▼

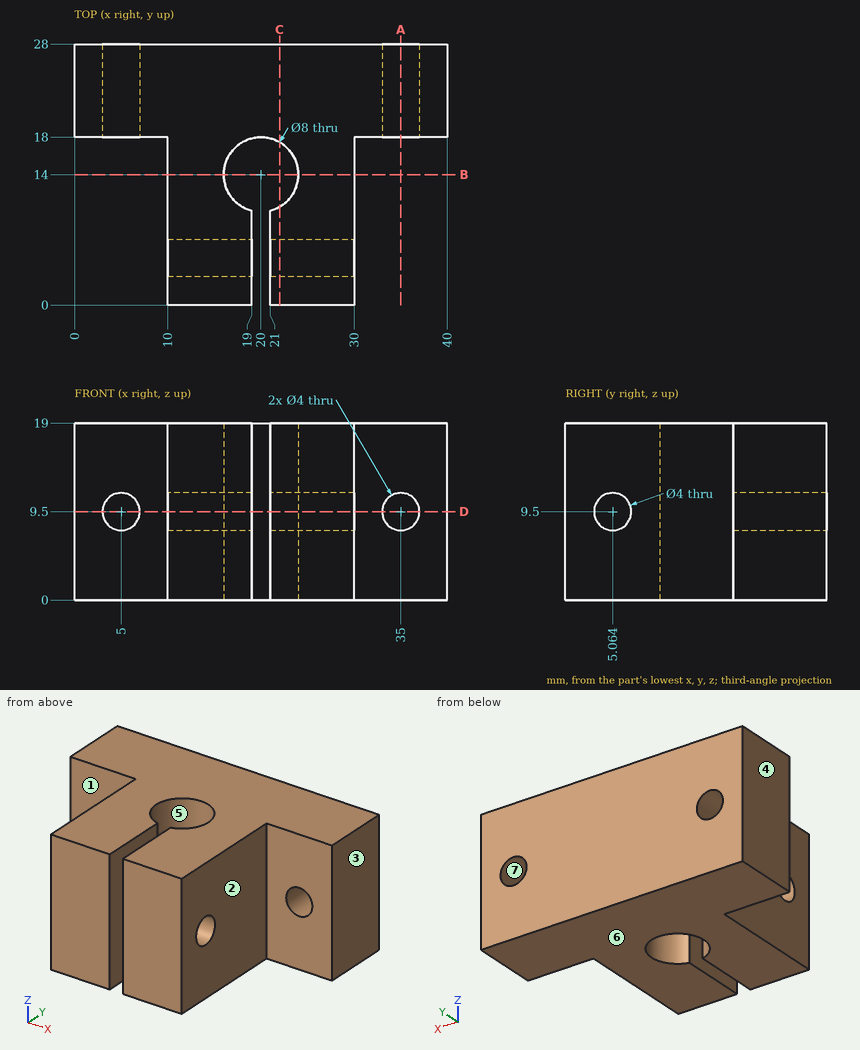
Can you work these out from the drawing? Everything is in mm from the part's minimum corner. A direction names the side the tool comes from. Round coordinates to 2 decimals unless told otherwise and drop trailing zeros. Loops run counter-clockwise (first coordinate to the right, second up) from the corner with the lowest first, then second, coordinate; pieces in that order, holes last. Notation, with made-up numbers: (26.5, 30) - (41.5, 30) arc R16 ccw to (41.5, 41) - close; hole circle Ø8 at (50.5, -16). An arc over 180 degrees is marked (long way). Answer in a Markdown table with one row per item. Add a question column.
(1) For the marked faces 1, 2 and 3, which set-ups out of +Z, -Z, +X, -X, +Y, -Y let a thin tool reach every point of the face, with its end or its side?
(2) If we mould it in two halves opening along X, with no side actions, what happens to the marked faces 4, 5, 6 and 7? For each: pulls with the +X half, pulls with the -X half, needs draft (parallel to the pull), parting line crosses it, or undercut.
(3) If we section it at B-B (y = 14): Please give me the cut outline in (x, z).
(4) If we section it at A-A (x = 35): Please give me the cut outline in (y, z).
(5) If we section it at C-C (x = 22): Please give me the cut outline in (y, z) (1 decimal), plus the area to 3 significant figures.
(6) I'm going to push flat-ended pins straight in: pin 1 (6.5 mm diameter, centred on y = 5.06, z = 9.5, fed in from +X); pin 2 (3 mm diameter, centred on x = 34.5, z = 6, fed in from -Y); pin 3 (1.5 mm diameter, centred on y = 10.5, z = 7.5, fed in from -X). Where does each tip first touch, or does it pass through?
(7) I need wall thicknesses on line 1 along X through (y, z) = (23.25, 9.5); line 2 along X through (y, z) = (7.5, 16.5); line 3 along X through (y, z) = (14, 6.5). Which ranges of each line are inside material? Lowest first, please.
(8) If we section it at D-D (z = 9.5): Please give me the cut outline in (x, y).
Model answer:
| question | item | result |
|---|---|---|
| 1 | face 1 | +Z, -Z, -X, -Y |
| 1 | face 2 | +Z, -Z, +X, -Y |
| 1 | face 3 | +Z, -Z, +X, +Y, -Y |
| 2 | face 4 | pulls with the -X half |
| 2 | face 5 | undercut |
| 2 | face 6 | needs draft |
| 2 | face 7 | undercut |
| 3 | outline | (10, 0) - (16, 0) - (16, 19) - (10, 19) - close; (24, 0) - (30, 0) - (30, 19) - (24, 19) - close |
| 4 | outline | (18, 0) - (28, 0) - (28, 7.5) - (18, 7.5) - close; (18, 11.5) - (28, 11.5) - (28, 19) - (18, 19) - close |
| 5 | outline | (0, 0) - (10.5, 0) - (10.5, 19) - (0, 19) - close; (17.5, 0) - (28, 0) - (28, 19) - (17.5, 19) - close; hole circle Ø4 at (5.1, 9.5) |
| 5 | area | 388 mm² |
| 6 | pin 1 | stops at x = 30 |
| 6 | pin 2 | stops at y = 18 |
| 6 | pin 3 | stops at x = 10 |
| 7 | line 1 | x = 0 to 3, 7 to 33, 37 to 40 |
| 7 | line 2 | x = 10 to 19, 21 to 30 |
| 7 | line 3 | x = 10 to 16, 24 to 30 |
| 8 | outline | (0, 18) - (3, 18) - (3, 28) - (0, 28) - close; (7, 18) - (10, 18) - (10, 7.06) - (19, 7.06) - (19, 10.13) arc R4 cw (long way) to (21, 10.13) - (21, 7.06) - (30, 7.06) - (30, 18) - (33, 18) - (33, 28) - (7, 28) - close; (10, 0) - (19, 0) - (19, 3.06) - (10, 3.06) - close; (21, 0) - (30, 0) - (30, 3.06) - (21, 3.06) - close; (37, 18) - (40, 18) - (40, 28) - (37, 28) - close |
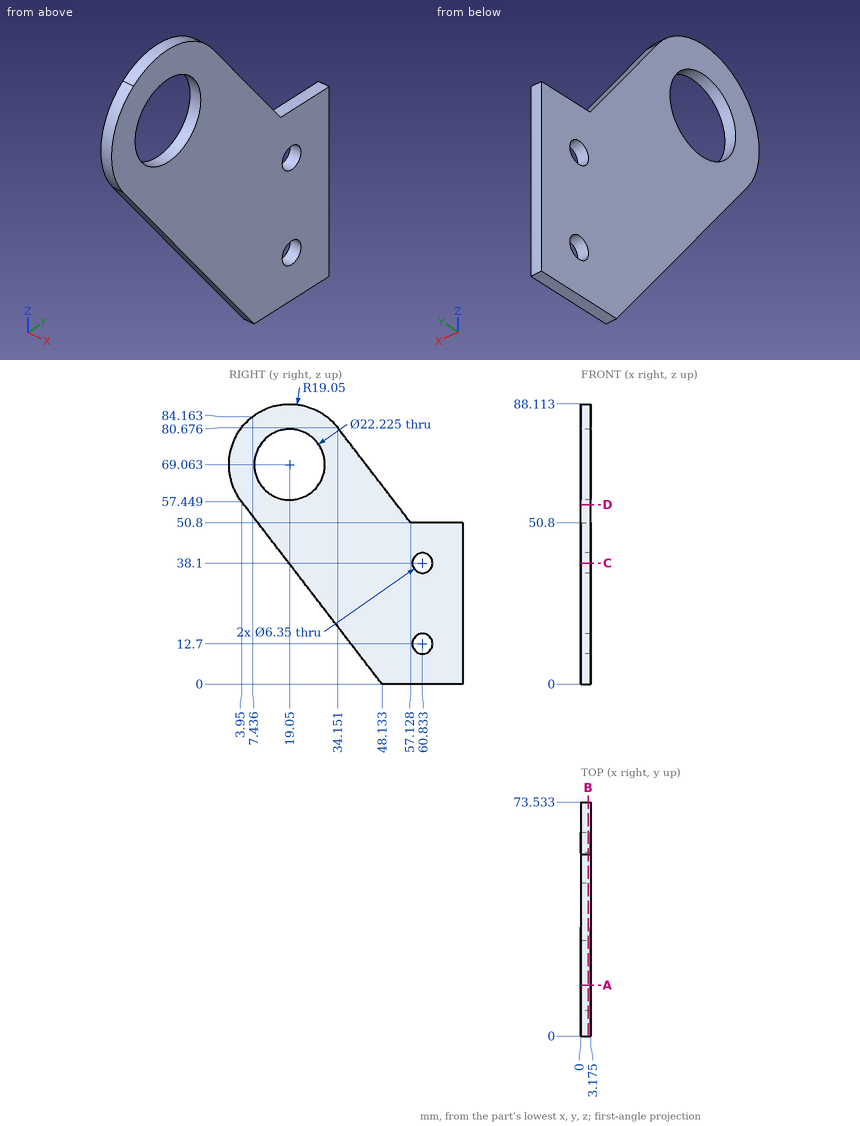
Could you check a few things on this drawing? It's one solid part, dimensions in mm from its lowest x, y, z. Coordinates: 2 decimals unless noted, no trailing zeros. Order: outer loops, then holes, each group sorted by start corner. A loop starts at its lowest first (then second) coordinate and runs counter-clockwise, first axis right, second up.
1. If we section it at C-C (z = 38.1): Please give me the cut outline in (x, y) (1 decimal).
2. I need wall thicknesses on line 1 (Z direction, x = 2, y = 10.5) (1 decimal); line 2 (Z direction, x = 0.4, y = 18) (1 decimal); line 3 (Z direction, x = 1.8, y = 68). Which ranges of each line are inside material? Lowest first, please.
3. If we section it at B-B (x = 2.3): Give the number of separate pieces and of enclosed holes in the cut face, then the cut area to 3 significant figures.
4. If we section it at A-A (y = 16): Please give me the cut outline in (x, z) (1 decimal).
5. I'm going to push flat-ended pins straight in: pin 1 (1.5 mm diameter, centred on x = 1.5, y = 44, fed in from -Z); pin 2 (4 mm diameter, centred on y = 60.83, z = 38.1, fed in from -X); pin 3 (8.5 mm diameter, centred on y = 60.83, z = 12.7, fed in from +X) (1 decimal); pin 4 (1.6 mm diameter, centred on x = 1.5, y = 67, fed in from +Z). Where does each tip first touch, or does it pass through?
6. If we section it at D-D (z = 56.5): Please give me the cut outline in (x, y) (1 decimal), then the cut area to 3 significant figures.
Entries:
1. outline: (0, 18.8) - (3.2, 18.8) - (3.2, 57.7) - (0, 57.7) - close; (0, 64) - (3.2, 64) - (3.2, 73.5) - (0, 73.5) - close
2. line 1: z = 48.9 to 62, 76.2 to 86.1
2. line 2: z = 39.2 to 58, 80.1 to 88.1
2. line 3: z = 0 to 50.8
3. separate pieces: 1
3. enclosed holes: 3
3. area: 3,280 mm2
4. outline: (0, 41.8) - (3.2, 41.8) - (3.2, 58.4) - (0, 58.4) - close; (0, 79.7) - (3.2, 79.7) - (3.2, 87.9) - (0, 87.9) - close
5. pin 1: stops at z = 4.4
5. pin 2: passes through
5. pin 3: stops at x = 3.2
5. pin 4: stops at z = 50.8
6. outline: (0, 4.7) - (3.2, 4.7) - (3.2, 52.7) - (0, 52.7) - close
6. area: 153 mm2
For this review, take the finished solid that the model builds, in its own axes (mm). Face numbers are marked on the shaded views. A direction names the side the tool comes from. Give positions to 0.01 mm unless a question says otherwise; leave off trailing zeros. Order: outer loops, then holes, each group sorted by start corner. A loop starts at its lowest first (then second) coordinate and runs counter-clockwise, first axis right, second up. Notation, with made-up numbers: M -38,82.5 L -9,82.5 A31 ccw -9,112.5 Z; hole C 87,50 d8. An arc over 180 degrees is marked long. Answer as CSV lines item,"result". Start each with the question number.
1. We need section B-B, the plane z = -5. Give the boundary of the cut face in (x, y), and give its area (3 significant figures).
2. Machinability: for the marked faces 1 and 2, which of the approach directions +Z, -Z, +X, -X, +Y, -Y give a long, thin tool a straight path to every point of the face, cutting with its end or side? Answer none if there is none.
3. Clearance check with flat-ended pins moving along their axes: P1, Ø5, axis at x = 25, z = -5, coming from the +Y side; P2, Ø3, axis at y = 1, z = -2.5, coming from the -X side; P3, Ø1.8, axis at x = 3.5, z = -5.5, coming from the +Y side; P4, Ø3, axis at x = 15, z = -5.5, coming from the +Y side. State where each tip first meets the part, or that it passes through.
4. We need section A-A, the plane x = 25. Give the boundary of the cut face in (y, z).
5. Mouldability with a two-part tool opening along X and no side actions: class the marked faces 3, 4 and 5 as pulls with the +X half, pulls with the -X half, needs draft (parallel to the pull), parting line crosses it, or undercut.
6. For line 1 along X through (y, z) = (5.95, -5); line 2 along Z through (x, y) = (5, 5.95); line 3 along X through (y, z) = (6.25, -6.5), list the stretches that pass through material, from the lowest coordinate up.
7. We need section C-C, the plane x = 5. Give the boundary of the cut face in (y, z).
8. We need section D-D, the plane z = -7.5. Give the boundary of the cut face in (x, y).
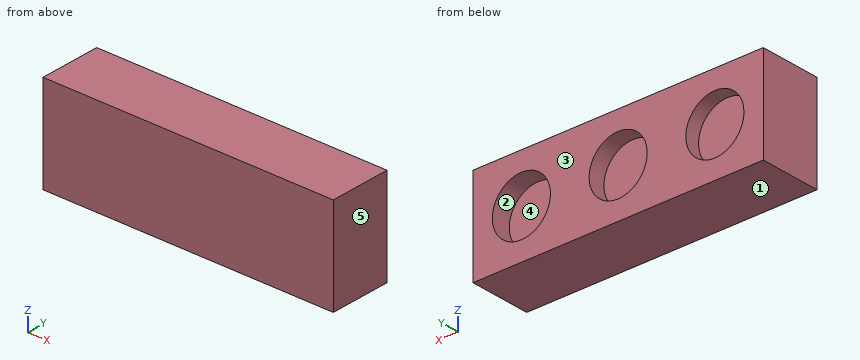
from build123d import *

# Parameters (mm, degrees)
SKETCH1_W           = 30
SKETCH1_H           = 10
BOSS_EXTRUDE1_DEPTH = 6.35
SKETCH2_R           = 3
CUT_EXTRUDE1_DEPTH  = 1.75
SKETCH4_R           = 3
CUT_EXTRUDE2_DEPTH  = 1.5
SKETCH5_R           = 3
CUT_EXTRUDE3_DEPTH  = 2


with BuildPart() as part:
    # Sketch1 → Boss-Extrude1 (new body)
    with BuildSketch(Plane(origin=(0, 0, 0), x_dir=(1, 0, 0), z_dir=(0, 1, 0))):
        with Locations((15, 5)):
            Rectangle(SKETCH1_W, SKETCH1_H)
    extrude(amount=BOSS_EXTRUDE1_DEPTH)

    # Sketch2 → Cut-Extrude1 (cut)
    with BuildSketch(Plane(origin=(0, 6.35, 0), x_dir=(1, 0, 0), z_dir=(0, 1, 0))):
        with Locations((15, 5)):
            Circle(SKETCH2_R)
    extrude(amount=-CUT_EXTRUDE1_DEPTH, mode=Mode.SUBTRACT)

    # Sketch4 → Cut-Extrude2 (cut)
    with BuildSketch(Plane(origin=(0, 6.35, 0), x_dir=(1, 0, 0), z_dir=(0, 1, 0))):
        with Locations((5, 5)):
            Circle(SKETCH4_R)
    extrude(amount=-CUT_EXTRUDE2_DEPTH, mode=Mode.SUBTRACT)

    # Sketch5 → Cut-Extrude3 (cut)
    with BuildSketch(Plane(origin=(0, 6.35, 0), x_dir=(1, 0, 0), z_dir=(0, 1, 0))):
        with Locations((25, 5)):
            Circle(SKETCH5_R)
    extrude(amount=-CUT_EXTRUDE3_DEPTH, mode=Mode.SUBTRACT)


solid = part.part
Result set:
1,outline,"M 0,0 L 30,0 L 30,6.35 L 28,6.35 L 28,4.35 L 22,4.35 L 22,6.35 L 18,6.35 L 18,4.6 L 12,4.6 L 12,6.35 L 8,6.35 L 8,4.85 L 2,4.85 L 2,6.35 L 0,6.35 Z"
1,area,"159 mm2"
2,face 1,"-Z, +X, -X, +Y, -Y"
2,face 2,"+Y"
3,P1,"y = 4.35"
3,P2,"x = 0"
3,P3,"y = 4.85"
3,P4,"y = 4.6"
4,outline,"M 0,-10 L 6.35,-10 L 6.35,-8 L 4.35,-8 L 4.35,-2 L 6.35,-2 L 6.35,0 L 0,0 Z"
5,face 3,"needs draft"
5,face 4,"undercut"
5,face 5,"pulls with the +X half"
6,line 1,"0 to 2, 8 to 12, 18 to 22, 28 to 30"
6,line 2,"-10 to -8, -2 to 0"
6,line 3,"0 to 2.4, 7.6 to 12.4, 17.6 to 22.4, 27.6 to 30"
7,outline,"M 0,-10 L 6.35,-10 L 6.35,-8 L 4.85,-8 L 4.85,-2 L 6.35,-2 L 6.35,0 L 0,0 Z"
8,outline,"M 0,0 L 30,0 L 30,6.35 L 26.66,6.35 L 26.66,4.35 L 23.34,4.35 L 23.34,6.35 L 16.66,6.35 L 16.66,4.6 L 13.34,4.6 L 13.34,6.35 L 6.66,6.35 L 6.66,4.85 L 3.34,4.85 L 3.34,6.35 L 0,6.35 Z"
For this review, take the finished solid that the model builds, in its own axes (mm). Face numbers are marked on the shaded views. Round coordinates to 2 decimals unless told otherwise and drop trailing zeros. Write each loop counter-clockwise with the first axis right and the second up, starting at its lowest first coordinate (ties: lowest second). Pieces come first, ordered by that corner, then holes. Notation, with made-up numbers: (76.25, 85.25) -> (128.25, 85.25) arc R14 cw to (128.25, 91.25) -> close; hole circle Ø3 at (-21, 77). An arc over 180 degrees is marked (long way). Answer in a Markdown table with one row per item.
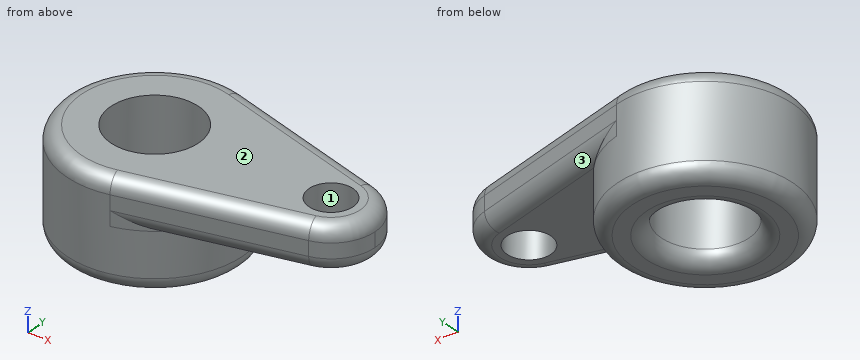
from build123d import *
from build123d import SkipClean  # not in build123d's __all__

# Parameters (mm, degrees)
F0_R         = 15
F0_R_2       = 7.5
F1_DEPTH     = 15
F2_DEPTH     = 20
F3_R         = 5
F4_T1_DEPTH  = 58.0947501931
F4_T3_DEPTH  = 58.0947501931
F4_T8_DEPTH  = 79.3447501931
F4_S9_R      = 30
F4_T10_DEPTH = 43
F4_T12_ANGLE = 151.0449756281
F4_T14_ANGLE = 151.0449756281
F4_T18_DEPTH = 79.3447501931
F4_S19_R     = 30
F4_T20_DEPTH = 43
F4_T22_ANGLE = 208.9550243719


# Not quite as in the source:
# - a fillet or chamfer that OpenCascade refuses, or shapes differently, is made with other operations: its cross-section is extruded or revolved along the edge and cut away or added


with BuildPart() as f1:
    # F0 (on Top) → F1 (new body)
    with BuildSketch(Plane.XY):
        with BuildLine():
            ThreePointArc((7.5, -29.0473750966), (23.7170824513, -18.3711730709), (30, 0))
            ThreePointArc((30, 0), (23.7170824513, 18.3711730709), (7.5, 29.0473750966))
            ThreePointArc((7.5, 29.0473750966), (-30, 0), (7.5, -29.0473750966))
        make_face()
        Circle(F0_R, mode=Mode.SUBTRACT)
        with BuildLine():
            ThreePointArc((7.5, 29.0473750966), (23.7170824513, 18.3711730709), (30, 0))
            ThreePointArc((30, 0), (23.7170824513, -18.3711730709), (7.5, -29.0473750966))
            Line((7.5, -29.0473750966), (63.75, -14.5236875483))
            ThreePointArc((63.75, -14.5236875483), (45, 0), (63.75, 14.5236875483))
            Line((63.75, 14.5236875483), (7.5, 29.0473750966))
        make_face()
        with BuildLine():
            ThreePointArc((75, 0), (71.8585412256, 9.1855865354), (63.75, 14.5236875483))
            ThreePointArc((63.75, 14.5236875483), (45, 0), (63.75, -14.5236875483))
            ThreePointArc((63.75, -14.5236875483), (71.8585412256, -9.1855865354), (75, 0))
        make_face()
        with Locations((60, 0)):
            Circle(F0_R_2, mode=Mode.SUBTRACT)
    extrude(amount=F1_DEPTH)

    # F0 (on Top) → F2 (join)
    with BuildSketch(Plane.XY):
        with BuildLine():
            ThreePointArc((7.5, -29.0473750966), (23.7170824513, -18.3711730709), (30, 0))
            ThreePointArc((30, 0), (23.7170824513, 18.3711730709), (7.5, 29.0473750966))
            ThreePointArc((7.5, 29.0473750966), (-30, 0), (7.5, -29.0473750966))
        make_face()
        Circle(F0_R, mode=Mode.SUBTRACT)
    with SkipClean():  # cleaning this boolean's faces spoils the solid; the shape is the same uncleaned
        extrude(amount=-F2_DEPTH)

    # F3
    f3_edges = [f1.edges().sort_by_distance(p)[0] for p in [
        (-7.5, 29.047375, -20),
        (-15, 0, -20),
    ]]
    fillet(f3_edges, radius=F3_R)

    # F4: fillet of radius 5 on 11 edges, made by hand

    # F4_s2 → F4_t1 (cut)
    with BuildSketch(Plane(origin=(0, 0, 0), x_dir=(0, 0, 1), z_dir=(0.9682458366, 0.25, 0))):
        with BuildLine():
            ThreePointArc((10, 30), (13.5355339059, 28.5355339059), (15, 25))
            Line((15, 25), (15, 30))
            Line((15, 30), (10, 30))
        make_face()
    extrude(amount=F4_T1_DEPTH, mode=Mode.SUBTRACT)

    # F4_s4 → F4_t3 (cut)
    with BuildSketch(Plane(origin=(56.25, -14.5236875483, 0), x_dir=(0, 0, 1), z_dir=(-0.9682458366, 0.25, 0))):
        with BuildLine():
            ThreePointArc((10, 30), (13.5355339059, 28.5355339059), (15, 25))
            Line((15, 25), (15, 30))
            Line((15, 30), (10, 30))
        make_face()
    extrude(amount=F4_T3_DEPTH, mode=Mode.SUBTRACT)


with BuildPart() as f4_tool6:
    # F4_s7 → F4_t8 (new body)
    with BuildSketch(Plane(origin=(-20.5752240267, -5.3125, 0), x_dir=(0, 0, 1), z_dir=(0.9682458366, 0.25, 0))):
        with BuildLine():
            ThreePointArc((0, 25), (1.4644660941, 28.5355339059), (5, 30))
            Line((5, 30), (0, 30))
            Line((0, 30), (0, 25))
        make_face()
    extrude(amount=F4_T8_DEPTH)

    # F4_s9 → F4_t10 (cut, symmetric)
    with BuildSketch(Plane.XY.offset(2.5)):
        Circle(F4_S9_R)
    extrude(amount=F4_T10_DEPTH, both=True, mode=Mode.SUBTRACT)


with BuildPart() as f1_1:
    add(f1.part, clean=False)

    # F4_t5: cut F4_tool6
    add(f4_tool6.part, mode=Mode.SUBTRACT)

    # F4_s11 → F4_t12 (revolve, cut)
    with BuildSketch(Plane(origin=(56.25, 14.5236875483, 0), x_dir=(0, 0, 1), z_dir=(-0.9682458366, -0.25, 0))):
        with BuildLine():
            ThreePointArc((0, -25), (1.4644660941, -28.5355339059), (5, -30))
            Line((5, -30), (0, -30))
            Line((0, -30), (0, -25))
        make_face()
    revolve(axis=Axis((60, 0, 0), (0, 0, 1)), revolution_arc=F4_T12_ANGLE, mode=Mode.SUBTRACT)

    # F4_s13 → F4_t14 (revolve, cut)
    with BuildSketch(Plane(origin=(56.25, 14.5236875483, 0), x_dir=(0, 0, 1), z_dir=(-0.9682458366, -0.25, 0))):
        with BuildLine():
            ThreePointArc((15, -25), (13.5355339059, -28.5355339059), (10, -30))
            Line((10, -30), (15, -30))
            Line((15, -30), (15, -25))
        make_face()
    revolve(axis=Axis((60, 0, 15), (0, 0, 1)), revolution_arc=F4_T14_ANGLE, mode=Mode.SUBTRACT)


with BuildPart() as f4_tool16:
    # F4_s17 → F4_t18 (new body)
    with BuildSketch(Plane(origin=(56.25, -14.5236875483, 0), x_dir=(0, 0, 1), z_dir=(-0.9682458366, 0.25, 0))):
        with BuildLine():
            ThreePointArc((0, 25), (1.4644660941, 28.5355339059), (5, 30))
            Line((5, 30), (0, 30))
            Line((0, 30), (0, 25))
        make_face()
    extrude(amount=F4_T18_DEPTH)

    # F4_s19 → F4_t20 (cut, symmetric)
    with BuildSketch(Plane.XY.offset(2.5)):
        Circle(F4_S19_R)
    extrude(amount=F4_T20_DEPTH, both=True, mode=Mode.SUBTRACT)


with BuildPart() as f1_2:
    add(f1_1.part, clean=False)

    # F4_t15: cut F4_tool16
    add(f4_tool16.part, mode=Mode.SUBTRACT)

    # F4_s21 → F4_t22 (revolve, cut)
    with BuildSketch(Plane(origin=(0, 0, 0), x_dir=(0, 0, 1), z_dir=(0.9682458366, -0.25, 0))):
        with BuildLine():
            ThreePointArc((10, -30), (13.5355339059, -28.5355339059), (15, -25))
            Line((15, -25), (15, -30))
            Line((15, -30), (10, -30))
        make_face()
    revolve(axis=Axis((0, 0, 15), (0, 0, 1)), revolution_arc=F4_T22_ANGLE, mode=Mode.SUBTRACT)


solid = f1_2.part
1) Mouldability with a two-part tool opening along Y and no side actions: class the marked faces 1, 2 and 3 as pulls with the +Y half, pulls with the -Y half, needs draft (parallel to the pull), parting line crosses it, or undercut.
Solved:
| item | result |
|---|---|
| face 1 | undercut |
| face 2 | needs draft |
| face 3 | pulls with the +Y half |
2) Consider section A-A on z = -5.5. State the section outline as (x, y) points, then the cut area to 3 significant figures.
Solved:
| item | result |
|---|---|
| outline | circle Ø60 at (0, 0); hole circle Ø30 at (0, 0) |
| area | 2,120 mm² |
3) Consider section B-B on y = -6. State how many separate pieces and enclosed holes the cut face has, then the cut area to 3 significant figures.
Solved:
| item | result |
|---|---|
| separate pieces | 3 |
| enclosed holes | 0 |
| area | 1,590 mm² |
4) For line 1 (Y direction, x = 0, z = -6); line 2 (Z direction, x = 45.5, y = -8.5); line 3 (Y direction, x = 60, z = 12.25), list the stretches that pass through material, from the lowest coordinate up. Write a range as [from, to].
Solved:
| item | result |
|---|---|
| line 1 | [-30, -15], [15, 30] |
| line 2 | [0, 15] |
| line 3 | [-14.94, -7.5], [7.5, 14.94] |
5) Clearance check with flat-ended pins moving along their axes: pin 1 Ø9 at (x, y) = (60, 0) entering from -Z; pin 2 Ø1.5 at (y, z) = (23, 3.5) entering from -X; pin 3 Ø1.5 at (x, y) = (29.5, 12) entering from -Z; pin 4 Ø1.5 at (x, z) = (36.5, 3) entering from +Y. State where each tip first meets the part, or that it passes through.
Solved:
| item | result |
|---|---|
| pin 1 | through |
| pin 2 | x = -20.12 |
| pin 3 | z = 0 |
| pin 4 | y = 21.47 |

▲

*YOUR ASSIGNMENT*: After locating the line with "5. I'm going" above, return that line and every later line through the one with "6. area: 153 mm2", word for word and with nothing else.

*TASK RESULT*:
5. I'm going to push flat-ended pins straight in: pin 1 (1.5 mm diameter, centred on x = 1.5, y = 44, fed in from -Z); pin 2 (4 mm diameter, centred on y = 60.83, z = 38.1, fed in from -X); pin 3 (8.5 mm diameter, centred on y = 60.83, z = 12.7, fed in from +X) (1 decimal); pin 4 (1.6 mm diameter, centred on x = 1.5, y = 67, fed in from +Z). Where does each tip first touch, or does it pass through?
6. If we section it at D-D (z = 56.5): Please give me the cut outline in (x, y) (1 decimal), then the cut area to 3 significant figures.
Entries:
1. outline: (0, 18.8) - (3.2, 18.8) - (3.2, 57.7) - (0, 57.7) - close; (0, 64) - (3.2, 64) - (3.2, 73.5) - (0, 73.5) - close
2. line 1: z = 48.9 to 62, 76.2 to 86.1
2. line 2: z = 39.2 to 58, 80.1 to 88.1
2. line 3: z = 0 to 50.8
3. separate pieces: 1
3. enclosed holes: 3
3. area: 3,280 mm2
4. outline: (0, 41.8) - (3.2, 41.8) - (3.2, 58.4) - (0, 58.4) - close; (0, 79.7) - (3.2, 79.7) - (3.2, 87.9) - (0, 87.9) - close
5. pin 1: stops at z = 4.4
5. pin 2: passes through
5. pin 3: stops at x = 3.2
5. pin 4: stops at z = 50.8
6. outline: (0, 4.7) - (3.2, 4.7) - (3.2, 52.7) - (0, 52.7) - close
6. area: 153 mm2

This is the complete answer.